The problem
Each entry below is to be given again word for word, with no pictures.

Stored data

--*--

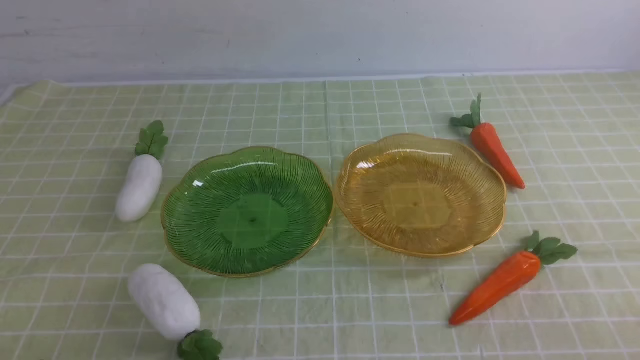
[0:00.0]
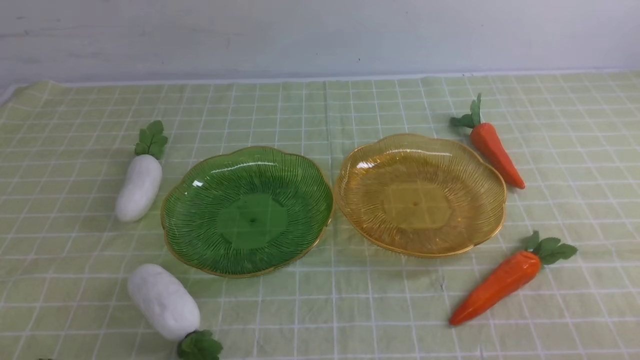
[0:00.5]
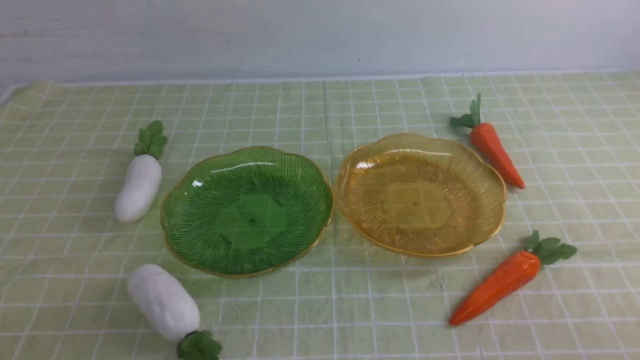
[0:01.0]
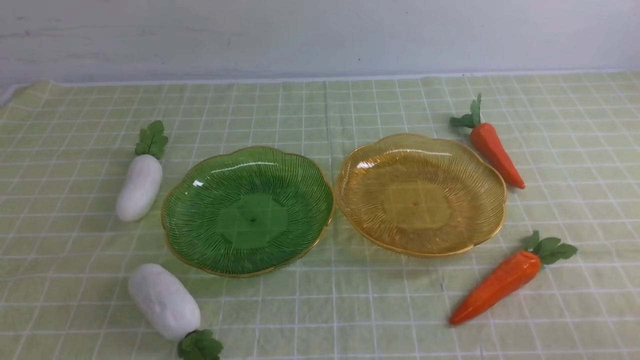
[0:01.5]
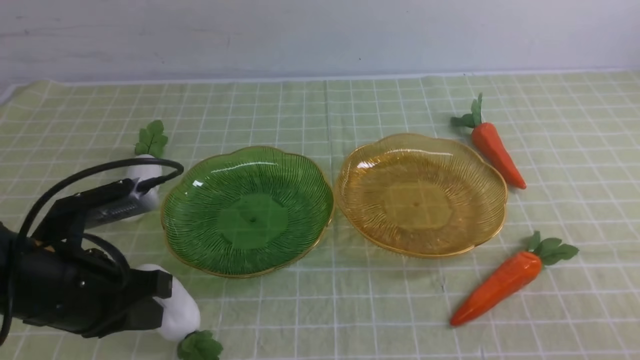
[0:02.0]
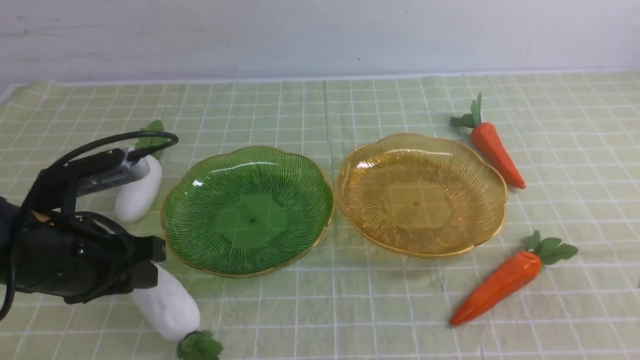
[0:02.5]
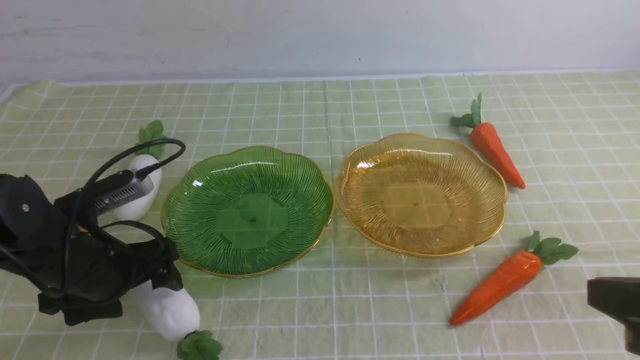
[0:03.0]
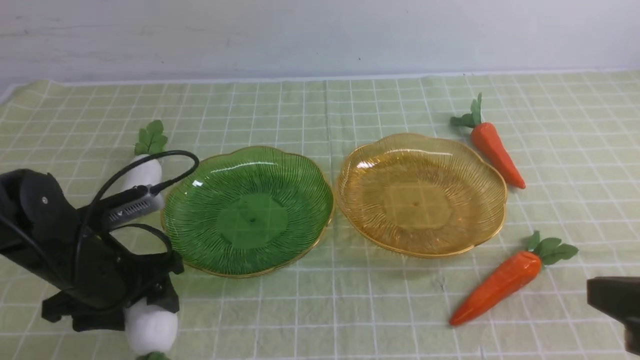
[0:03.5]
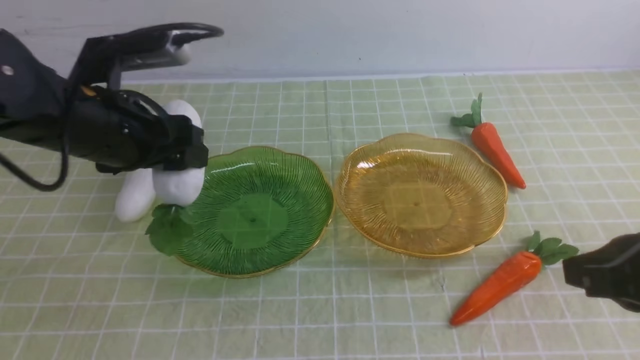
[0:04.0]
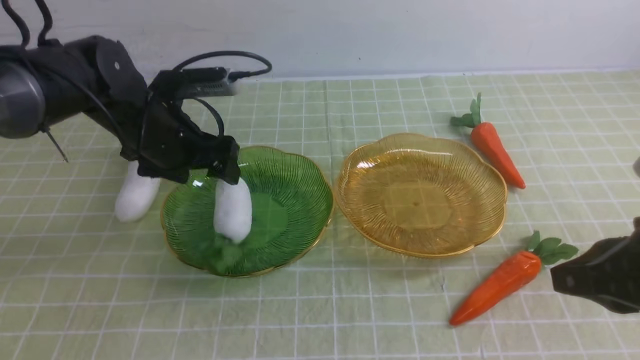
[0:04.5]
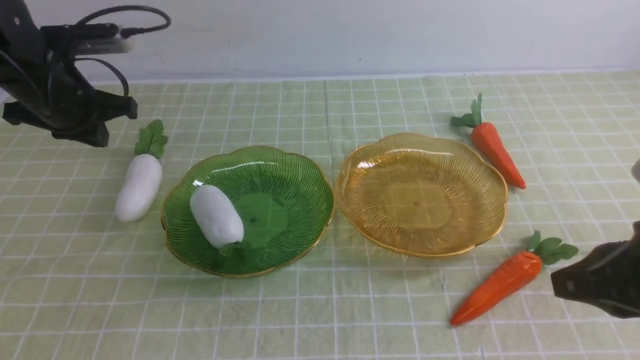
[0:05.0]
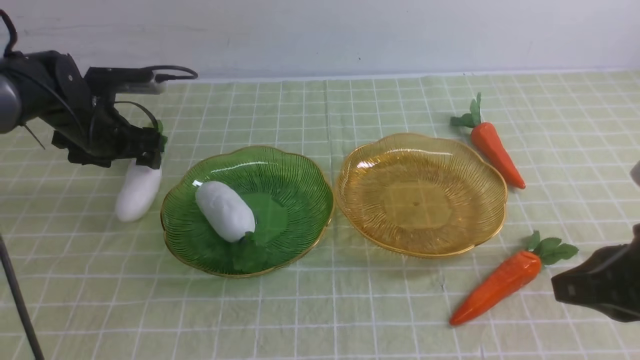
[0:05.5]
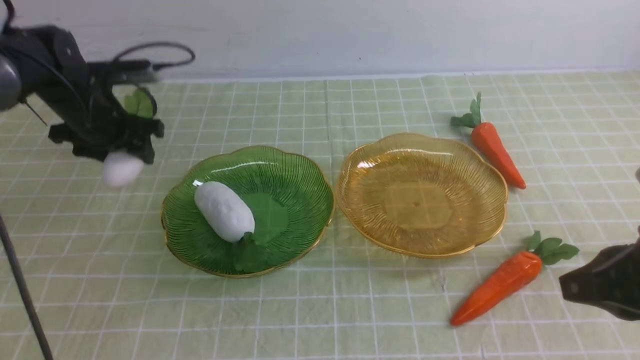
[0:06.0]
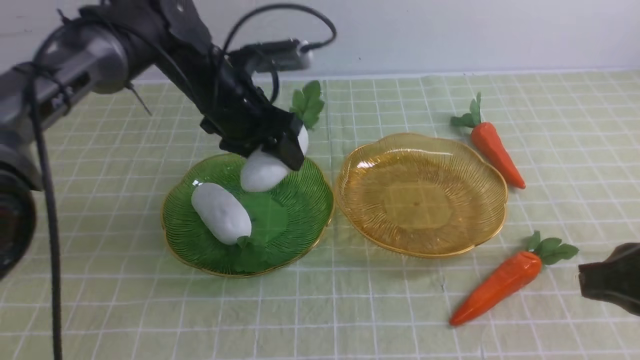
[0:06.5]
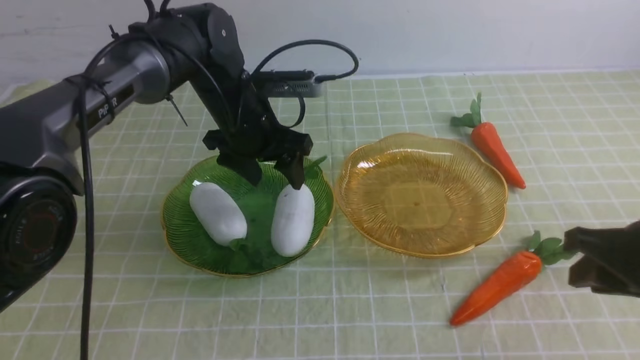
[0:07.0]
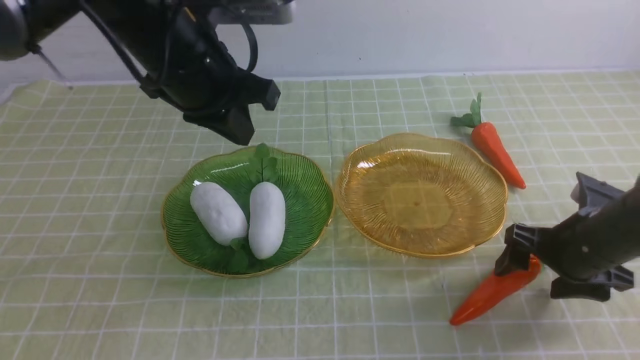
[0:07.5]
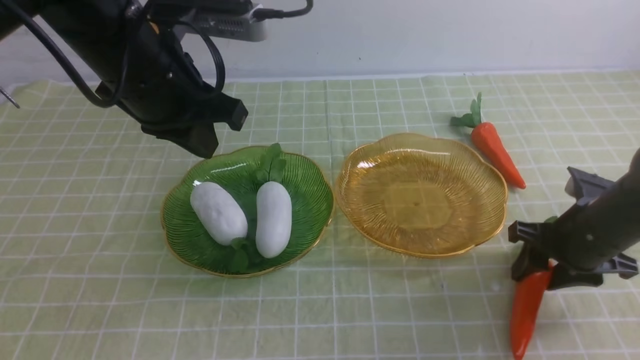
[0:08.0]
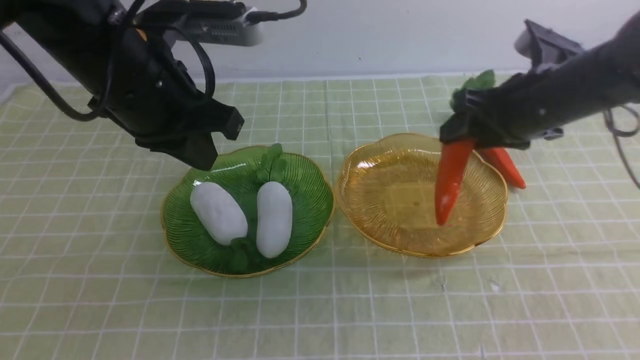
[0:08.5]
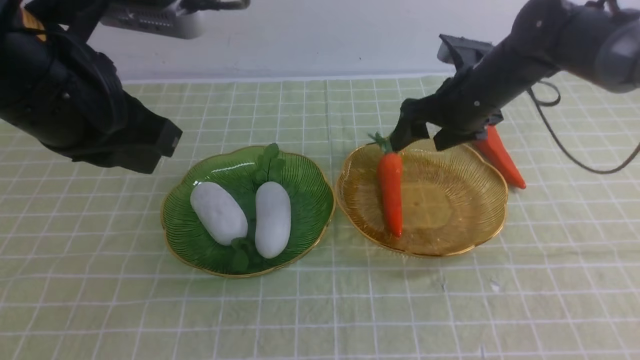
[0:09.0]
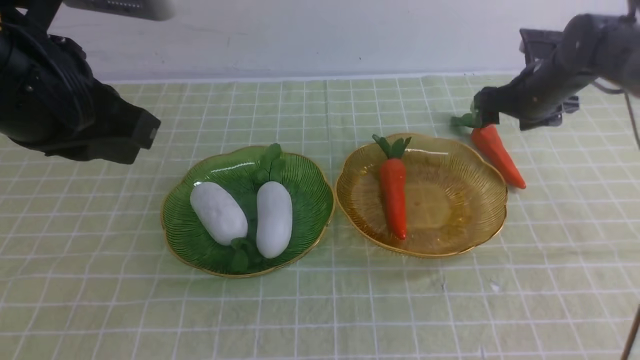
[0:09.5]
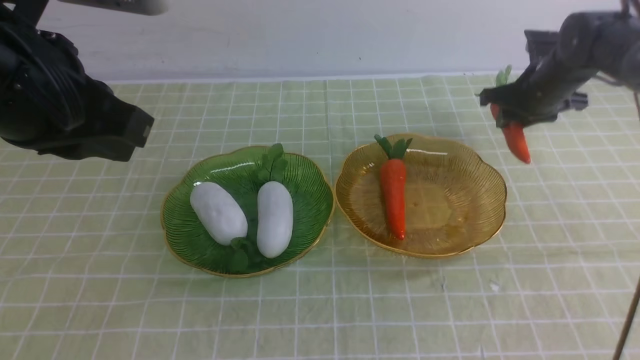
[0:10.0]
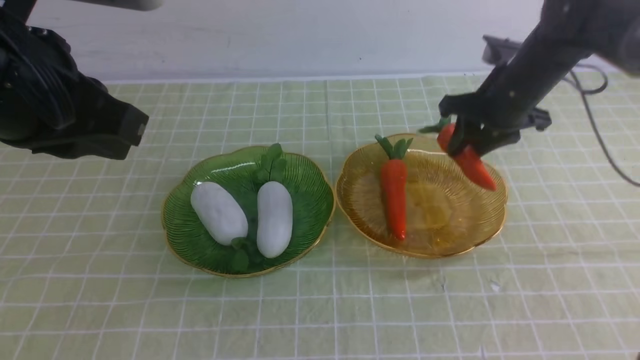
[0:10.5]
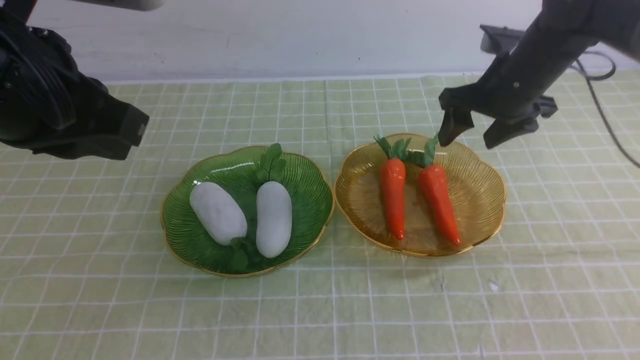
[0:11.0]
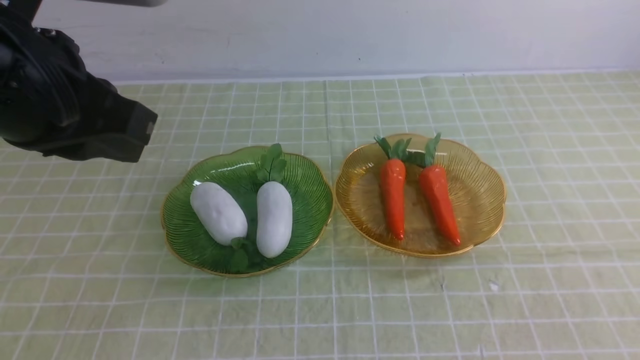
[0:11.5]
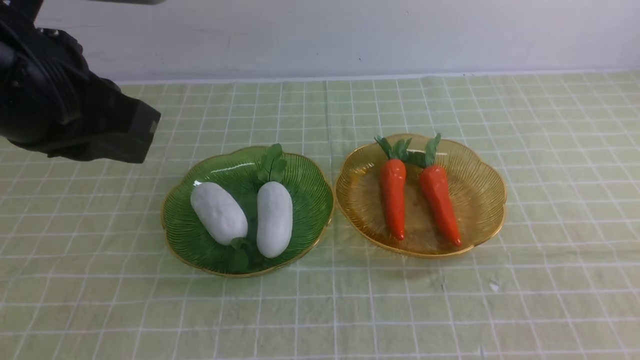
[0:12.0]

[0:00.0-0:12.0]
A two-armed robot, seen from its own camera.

--*--

Result of the task
[0:00.0]
[0:00.5]
[0:01.0]
[0:01.5]
[0:02.0]
[0:02.5]
[0:03.0]
[0:03.5]
[0:04.0]
[0:04.5]
[0:05.0]
[0:05.5]
[0:06.0]
[0:06.5]
[0:07.0]
[0:07.5]
[0:08.0]
[0:08.5]
[0:09.0]
[0:09.5]
[0:10.0]
[0:10.5]
[0:11.0]
[0:11.5]
[0:12.0]

[0:00.0-0:12.0]
A two-armed robot, seen from its own camera.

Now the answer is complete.